* _WHAT THE TASK REQUIRES_: Take the line that contains "This screenshot has width=924, height=1307." and each line after it to the end of the data below, and set them down exactly, omitting pictures.

[Stored entries]
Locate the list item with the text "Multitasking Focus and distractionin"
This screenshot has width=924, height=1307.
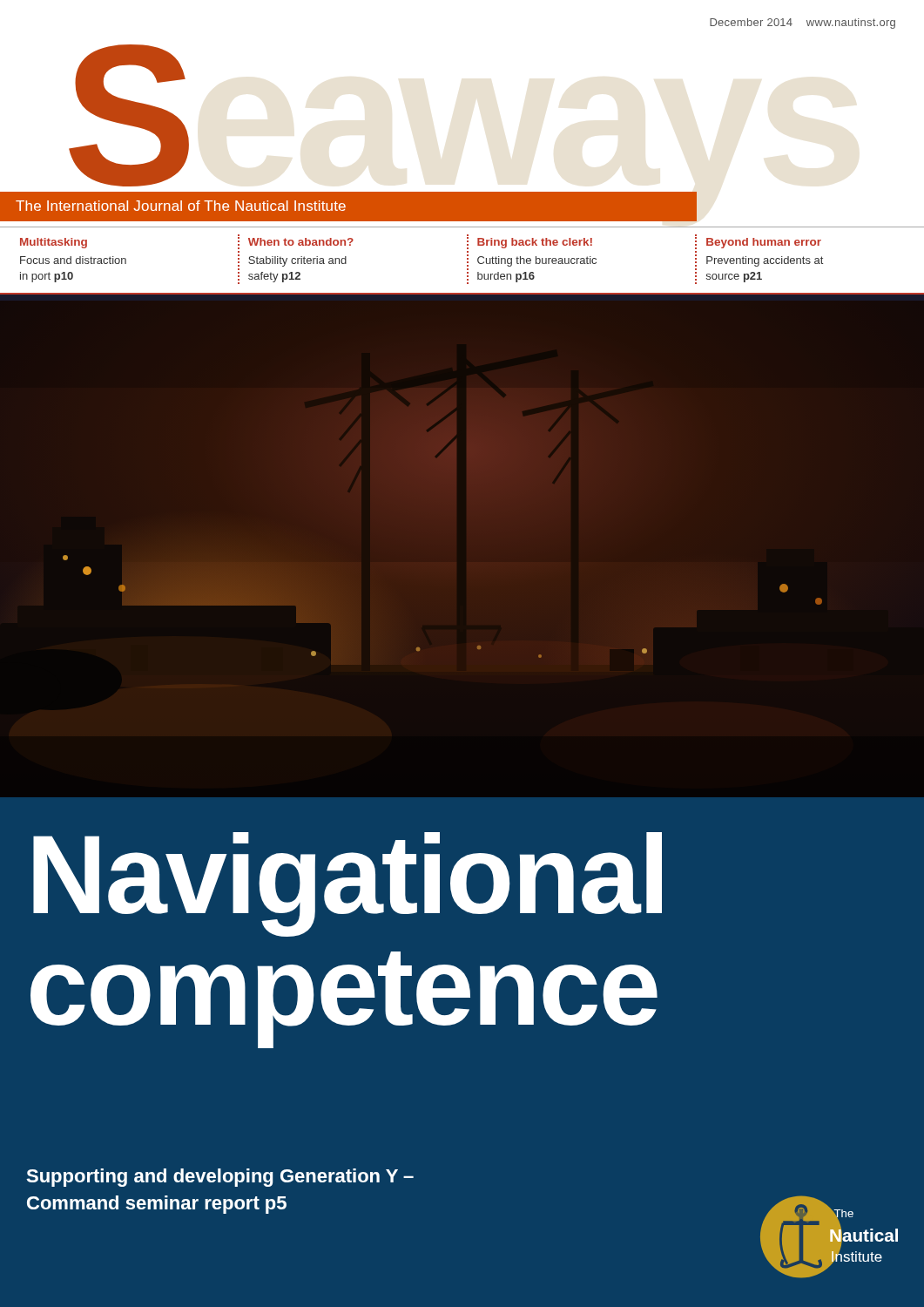(124, 258)
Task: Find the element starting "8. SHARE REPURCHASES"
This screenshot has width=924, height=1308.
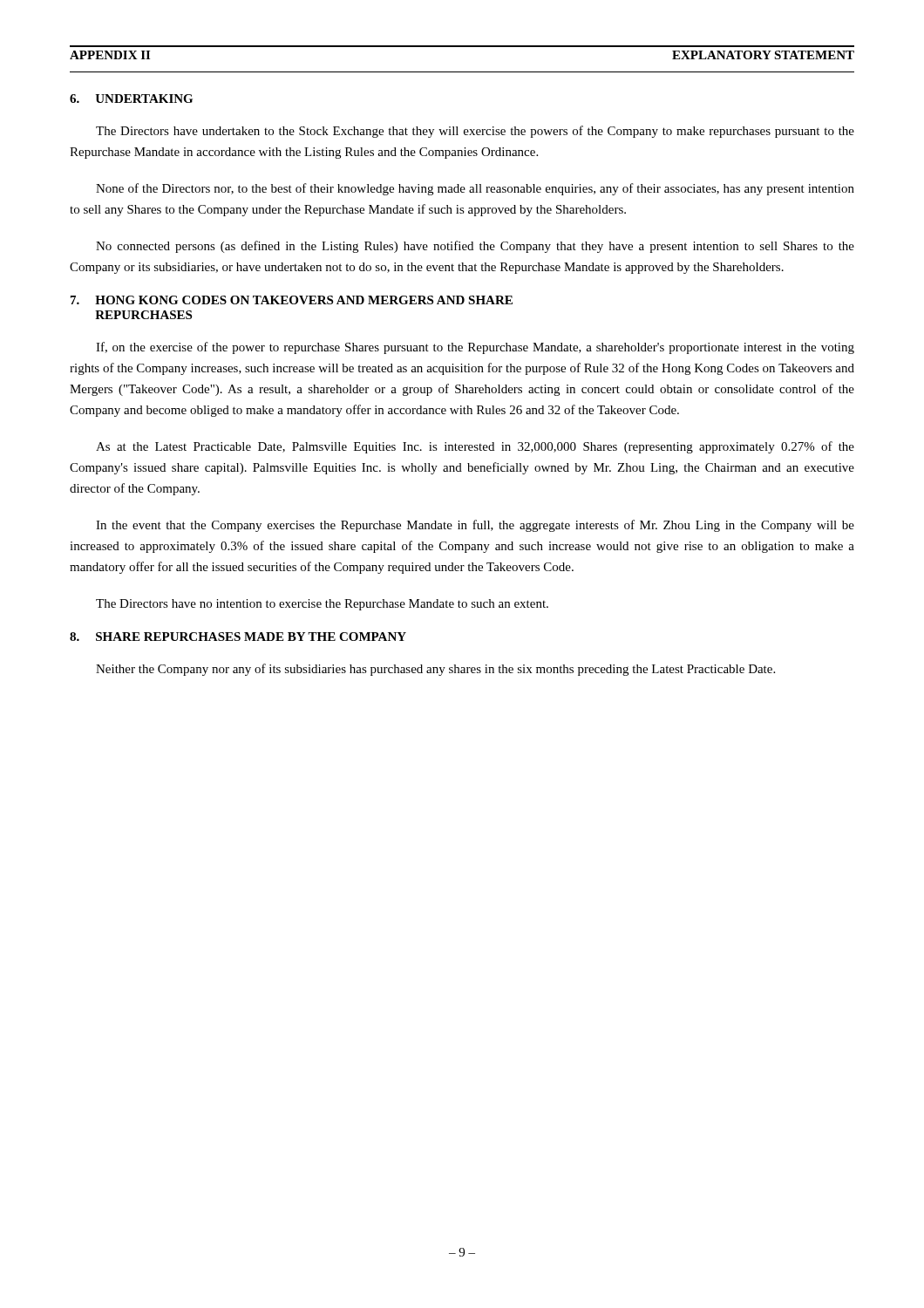Action: click(238, 637)

* _ANSWER TO THE EXERCISE_:
This screenshot has width=924, height=1307.
(124, 258)
Task: Find the element starting "8. SHARE REPURCHASES"
This screenshot has width=924, height=1308.
Action: click(238, 637)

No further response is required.